Marshall Spight wrote:
> Bob Badour wrote:
>
>>Marshall Spight wrote:
>>
>>
>>>If we have a requirement to distinguish between
>>>exists-but-we-don't-know
>>>and doesn't-exist, then the cardinality-0 model is insufficient. But
>>>there
>>>are also cases where we won't need to so distinguish, and cases
>>>where doesn't-exist is not a possibility. In those cases, I would
>>>propose that cardinality-0 is often a better choice than SQL's NULL.
>>
>>Yes, well, you are not putting the bar very high. Now, are you? Besting
>>SQL's NULL for handling missing information is rather like tripping over
>>a shoelace.
>>
>>The closed world assumption is going to bite you more often than you
>>seem to suppose. Presumably, if you have a relation valued attribute,
>>you intend to use the relational algebra or calculus on it. However, the
>>closed world assumption is central to both which means they will yield
>>incorrect results in many cases unless the user takes extraordinary
>>measures to account for the not-quite-closed nature of the model's
world.
>>
>>One must consider those consequences when considering relation valued
>>attributes as a means to describe missing information.
>
> I do not disagree, but I'm not sure if I'm seeing all the consequences
> you refer to.
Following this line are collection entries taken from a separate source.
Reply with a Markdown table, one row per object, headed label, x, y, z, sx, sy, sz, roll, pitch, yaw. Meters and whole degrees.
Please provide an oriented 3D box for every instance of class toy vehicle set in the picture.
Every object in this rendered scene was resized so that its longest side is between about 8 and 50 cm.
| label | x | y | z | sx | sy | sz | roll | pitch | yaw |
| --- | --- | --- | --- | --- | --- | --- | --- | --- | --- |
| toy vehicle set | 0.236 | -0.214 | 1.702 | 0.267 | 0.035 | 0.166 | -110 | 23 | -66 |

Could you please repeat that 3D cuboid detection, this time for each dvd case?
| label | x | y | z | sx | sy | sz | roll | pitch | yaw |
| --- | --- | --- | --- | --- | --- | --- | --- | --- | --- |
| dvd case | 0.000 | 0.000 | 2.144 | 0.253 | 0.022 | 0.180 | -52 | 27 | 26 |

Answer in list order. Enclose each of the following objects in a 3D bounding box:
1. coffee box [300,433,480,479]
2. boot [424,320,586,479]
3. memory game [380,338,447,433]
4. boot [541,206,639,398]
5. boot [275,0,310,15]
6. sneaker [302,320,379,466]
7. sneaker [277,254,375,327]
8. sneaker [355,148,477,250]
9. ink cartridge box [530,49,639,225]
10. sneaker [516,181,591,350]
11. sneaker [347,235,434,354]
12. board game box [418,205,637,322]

I agree that how the algebra behaves is im****tant.
>
> Lame example:
> Given a Persons relation with an Age attribute. (I know it is better
> to have a Birthdate attribute, but for this artifical example, this
> will
> suffice.) The Age attribute is an RVA of a single int attribute with
> an empty key (that is, it is either an int or empty, indicating we
> don't
> know the age.) If we wanted to calculate the average age of
> Persons, and we took sum(Age) / count(Age), (waving my hands
> around the nest/unnest issue), then it would seem to me that
> what you would most likely want to know is, of the people for whom
> the age is known, what is the average, which is exactly what
> I'd expect the RVA-Age schema to give you.
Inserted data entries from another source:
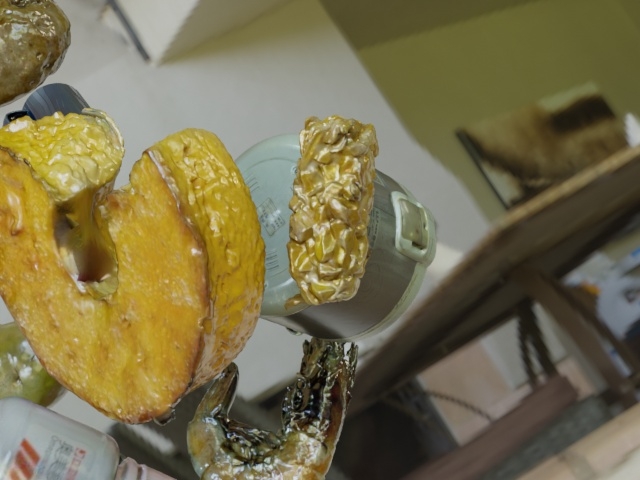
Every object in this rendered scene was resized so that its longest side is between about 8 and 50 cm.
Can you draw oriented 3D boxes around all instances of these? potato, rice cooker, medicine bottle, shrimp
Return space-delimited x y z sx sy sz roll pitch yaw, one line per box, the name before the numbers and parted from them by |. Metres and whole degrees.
potato | -0.486 0.207 2.120 0.200 0.154 0.137 -22 30 15
rice cooker | 0.001 -0.001 1.910 0.288 0.288 0.277 -37 -33 21
medicine bottle | -0.373 0.399 1.928 0.256 0.325 0.256 -59 12 21
shrimp | -0.075 0.255 2.047 0.071 0.233 0.365 99 -174 -62

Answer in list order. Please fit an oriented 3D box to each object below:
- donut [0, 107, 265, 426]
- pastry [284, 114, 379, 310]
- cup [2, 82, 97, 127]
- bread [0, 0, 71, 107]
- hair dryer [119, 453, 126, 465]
donut | -0.244 0.024 1.640 0.435 0.377 0.163 16 26 38
pastry | 0.014 -0.032 1.638 0.102 0.250 0.154 6 5 7
cup | -0.419 -0.181 2.102 0.113 0.138 0.150 -46 -40 8
bread | -0.448 -0.260 1.735 0.230 0.123 0.230 -15 34 11
hair dryer | -0.339 0.376 2.078 0.031 0.083 0.079 -3 -9 33
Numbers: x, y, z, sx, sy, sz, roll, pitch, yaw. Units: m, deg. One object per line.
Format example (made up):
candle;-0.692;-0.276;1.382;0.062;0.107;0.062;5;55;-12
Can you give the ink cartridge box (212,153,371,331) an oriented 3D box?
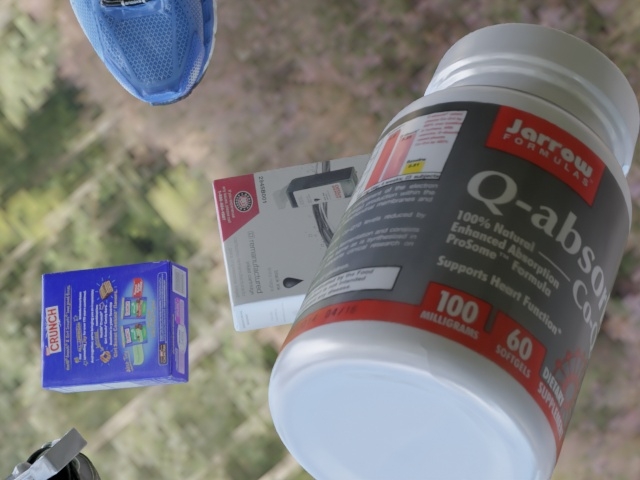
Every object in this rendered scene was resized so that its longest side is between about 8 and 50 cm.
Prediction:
ink cartridge box;0.000;0.000;2.129;0.092;0.218;0.158;89;171;-69

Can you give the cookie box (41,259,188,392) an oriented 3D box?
cookie box;-0.156;0.066;1.462;0.040;0.107;0.092;35;-128;-68

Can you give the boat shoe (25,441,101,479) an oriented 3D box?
boat shoe;-0.322;0.306;2.412;0.116;0.099;0.319;16;-170;-1

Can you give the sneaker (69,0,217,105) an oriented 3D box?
sneaker;-0.181;-0.261;1.572;0.147;0.130;0.330;-68;-38;-69

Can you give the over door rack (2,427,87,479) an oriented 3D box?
over door rack;-0.370;0.158;1.894;0.239;0.108;0.324;50;140;-5

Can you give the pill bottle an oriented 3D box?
pill bottle;0.114;0.016;1.440;0.210;0.363;0.210;14;140;12
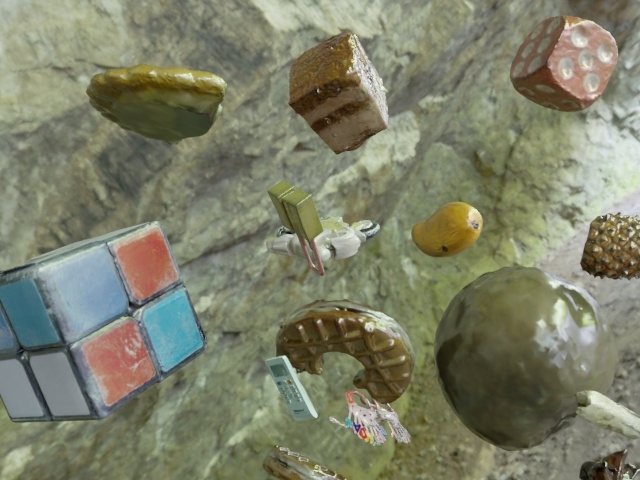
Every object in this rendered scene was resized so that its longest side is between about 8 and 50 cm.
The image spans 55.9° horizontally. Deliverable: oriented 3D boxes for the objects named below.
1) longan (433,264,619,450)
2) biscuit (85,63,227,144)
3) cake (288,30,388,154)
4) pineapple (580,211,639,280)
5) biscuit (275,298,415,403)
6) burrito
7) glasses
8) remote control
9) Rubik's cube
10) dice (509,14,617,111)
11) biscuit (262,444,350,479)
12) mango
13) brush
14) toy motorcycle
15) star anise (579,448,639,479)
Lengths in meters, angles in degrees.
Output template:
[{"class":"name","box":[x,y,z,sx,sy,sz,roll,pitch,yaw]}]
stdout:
[{"class":"longan","box":[0.480,0.270,1.462,0.404,0.404,0.435,-32,-26,-50]},{"class":"biscuit","box":[-0.357,-0.299,1.399,0.330,0.078,0.335,2,-14,6]},{"class":"cake","box":[0.069,-0.362,1.573,0.199,0.196,0.293,-24,-45,22]},{"class":"pineapple","box":[0.748,0.041,1.268,0.166,0.365,0.165,-31,-52,-49]},{"class":"biscuit","box":[0.068,0.267,1.522,0.115,0.367,0.268,-69,-4,-51]},{"class":"burrito","box":[0.439,0.264,0.898,0.041,0.149,0.055,-54,20,29]},{"class":"glasses","box":[0.130,0.485,1.576,0.256,0.162,0.095,18,-69,-43]},{"class":"remote control","box":[-0.063,0.326,1.330,0.061,0.162,0.029,-19,10,35]},{"class":"Rubik's cube","box":[-0.482,0.163,1.246,0.316,0.318,0.313,-11,12,34]},{"class":"dice","box":[0.574,-0.419,1.441,0.174,0.179,0.174,-68,16,3]},{"class":"biscuit","box":[-0.039,0.791,2.027,0.103,0.332,0.332,-63,-1,-18]},{"class":"mango","box":[0.429,-0.031,2.038,0.120,0.176,0.295,4,-16,-27]},{"class":"brush","box":[-0.033,-0.013,1.298,0.047,0.103,0.233,-38,-49,-20]},{"class":"toy motorcycle","box":[0.000,0.000,1.842,0.341,0.107,0.223,0,30,23]},{"class":"star anise","box":[0.699,0.633,1.540,0.272,0.272,0.102,-40,36,-7]}]
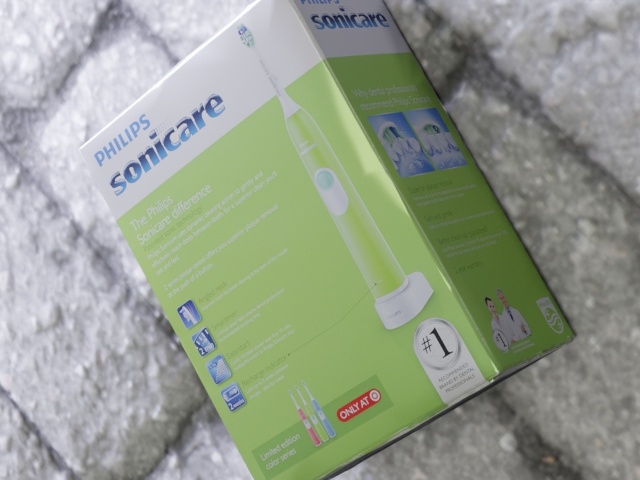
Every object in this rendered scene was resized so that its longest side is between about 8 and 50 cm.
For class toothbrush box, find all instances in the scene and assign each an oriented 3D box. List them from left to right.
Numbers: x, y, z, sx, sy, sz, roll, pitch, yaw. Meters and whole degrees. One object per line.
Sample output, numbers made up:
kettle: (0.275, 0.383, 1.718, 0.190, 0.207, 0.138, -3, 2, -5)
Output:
toothbrush box: (0.000, 0.000, 1.063, 0.206, 0.122, 0.283, -36, 80, 31)
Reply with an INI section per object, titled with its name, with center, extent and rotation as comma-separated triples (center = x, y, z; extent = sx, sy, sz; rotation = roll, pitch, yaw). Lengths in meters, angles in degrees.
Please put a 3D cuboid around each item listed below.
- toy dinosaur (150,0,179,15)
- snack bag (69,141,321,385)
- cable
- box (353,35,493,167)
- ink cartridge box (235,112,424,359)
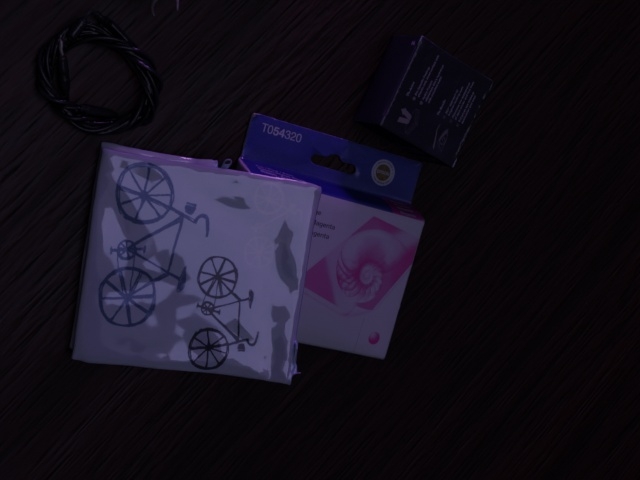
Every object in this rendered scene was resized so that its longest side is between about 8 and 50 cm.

Your example works exactly as NULL does, and I consider the result
incorrect. The average age of the entire cohort is unknown, and it is
misleading to pretend otherwise.
Consider the situation where one also has a (possibly unknown) Weight
attribute. If one queries for average Age, one gets a numeric answer. If
one queries for average Weight, one gets a numeric answer. If one
queries for average Age and average Weight, one gets two numeric answers
that may not equal the answers above.
This sort of thing has been a source of many errors I have been asked to
correct. Basically, it breaks the identity: SUM(A) + SUM(B) = SUM(A+B)
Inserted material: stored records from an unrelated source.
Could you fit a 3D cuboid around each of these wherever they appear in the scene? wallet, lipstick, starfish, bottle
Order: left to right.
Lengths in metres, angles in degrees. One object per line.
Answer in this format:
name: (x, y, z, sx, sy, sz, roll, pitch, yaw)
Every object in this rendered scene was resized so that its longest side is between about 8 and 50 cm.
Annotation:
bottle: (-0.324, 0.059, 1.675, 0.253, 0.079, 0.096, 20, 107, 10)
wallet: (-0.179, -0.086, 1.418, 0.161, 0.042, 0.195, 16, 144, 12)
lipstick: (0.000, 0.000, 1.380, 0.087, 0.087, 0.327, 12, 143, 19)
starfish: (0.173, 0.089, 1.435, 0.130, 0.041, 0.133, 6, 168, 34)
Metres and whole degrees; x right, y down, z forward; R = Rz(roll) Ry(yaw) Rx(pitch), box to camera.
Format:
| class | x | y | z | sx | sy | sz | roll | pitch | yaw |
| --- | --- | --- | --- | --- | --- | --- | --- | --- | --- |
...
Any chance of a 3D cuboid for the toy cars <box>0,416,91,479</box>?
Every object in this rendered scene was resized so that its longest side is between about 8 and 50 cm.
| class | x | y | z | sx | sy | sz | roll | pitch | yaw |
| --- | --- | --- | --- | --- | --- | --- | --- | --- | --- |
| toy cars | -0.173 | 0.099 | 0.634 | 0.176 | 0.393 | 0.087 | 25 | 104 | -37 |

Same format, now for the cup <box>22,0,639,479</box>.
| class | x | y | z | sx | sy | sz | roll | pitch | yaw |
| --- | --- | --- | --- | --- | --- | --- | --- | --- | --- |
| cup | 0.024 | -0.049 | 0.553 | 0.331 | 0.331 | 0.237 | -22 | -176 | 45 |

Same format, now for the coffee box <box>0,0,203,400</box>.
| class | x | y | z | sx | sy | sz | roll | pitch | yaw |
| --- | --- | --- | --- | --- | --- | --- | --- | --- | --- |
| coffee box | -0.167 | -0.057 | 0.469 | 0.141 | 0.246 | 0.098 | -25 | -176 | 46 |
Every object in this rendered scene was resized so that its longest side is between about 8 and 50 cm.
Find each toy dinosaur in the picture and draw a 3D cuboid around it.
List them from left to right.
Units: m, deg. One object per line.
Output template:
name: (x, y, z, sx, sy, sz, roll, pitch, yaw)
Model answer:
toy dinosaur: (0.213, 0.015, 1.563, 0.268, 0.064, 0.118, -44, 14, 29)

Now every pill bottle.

Some folks get really antsy when the numbers don't balance.
>>>I don't think it's a complete solution, though. I think some kind of
>>>sum type, as in SML, is also quite desirable. This lets the
>>>modeller create special values according to the requirements
>>>of the domain.
>>
>>I could not find a comprehensive enough reference for SML online to
>>decypher what you are saying above. Is a sum type similar to a union
>>type of some sort?
>
> Yes; specifically a tagged union, unlike the untagged C union.
> Here's a decent article:
>
> http://en.wikipedia.org/wiki/Tagged_union
Yes, I agree. That would be very useful.


|